Load the California Housing dataset from scikit-learn.

In [2]:
housing = fetch_california_housing()

### 3. Split the Data

Split the dataset into training and testing sets.

In [3]:
X_train, X_test, y_train, y_test = train_test_split(housing.data, housing.target, test_size=0.2, random_state=42)

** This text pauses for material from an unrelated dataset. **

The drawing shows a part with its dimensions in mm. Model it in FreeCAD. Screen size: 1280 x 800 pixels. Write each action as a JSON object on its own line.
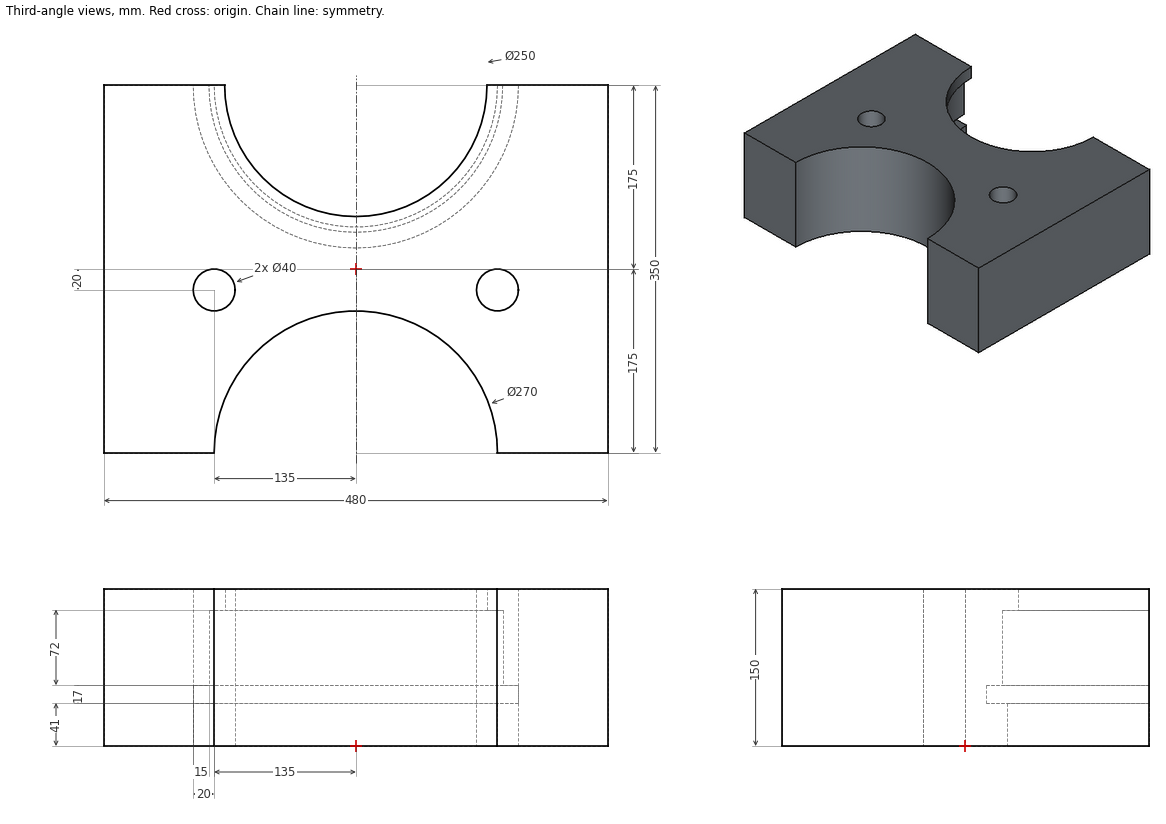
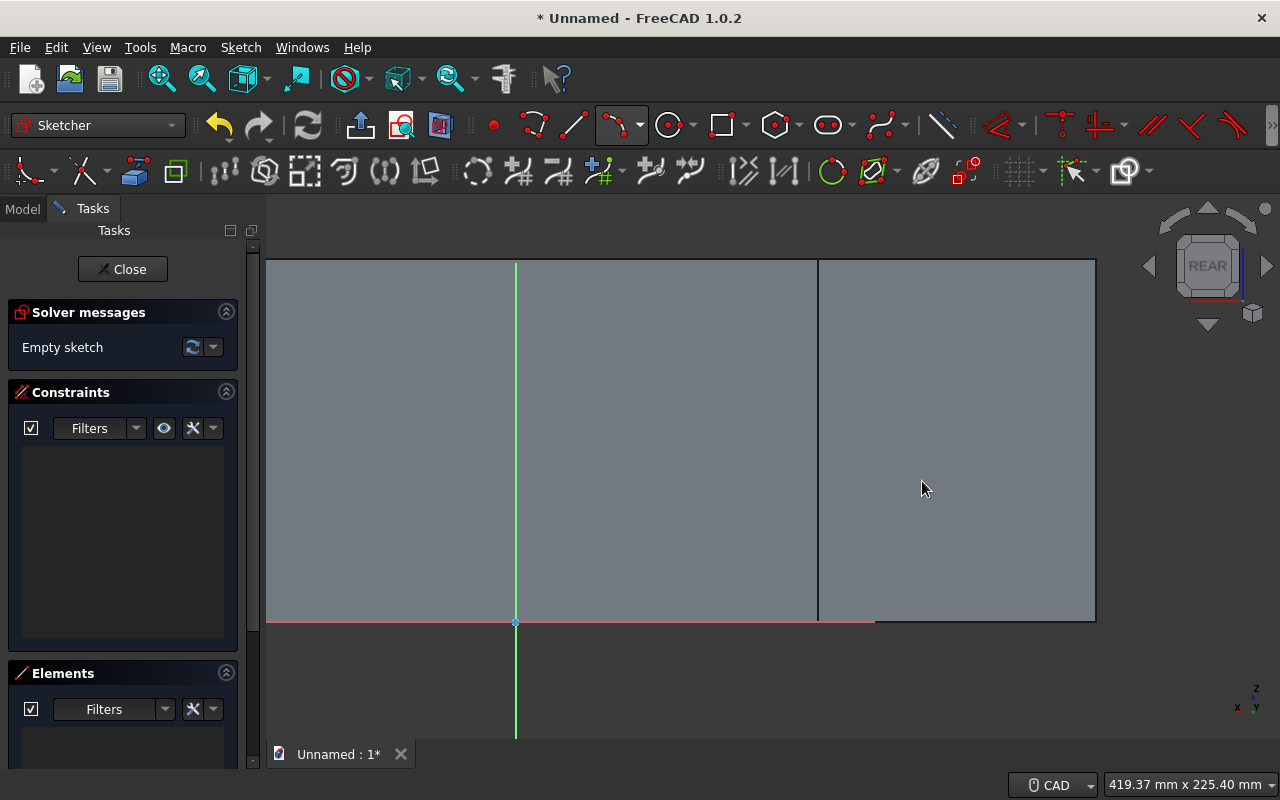
{"action": "left_click", "coordinate": [534, 126]}

### 4. Train and Evaluate Linear Regression Model

Train a linear regression model on the original data and evaluate its performance using Mean Squared Error (MSE) and R-squared.

In [4]:
model = LinearRegression()
model.fit(X_train, y_train)
y_pred = model.predict(X_test)
mse = mean_squared_error(y_test, y_pred)
r2 = r2_score(y_test, y_pred)
print("Mean Squared Error:", mse)
print("R-squared:", r2)

Mean Squared Error: 0.5558915986952422
R-squared: 0.5757877060324524


### 5. Scale the Data

Scale the features using StandardScaler.

In [5]:
scaler = StandardScaler()
X_train_scaled = scaler.fit_transform(X_train)
X_test_scaled = scaler.transform(X_test)

### 6. Train and Evaluate Scaled Linear Regression Model

Train a linear regression model on the scaled data and evaluate its performance.

In [6]:
scaled_model = LinearRegression()
scaled_model.fit(X_train_scaled, y_train)
scaled_y_pred = scaled_model.predict(X_test_scaled)

### 7. Compare Results

Compare the performance metrics (MSE and R-squared) of the model trained on the original data versus the scaled data.

In [8]:
mse_scaled = mean_squared_error(y_test, scaled_y_pred)
r2_scaled = r2_score(y_test, scaled_y_pred)
print("Scaled Mean Squared Error:", mse_scaled)
print("Scaled R-squared:", r2_scaled)

Scaled Mean Squared Error: 0.5558915986952442
Scaled R-squared: 0.575787706032451


### Why Scaling Didn't Affect Linear Regression

In this specific case, scaling the features using `StandardScaler` did not significantly change the Mean Squared Error (MSE) and R-squared values of the linear regression model. This is because linear regression finds the best-fitting line (or hyperplane) to the data. Scaling the features essentially stretches or compresses the axes but does not alter the fundamental linear relationship between the features and the target variable. The relative positions of the data points remain the same, so the best-fitting line relative to the scaled axes is equivalent to the best-fitting line relative to the original axes, just scaled accordingly.

Scaling is typically more impactful for algorithms that are sensitive to the magnitude of features or use distance metrics, such as gradient descent-based algorithms, Support Vector Machines (SVMs), K-Nearest Neighbors (KNN), and Principal Component Analysis (PCA).